◆ **DATA BELOW**:

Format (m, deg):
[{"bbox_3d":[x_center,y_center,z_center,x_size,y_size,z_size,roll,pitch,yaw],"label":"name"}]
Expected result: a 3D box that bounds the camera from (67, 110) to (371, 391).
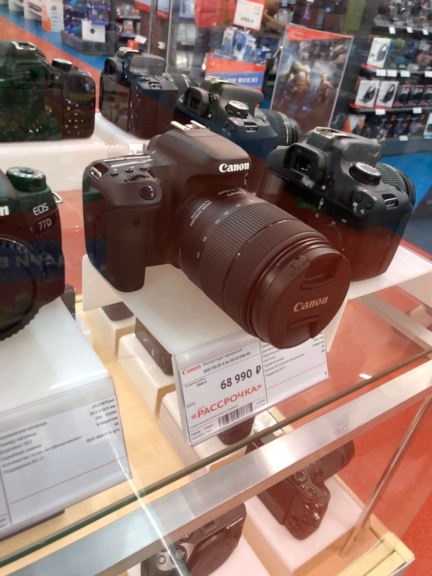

◆ **AIM OF THE TASK**: Put each line of the listing above into the copy exactly, dropping the pictures.

◆ **THE COMPLETED TASK**:
Format (m, deg):
[{"bbox_3d":[x_center,y_center,z_center,x_size,y_size,z_size,roll,pitch,yaw],"label":"name"}]
Expected result: a 3D box that bounds the camera from (67, 110) to (371, 391).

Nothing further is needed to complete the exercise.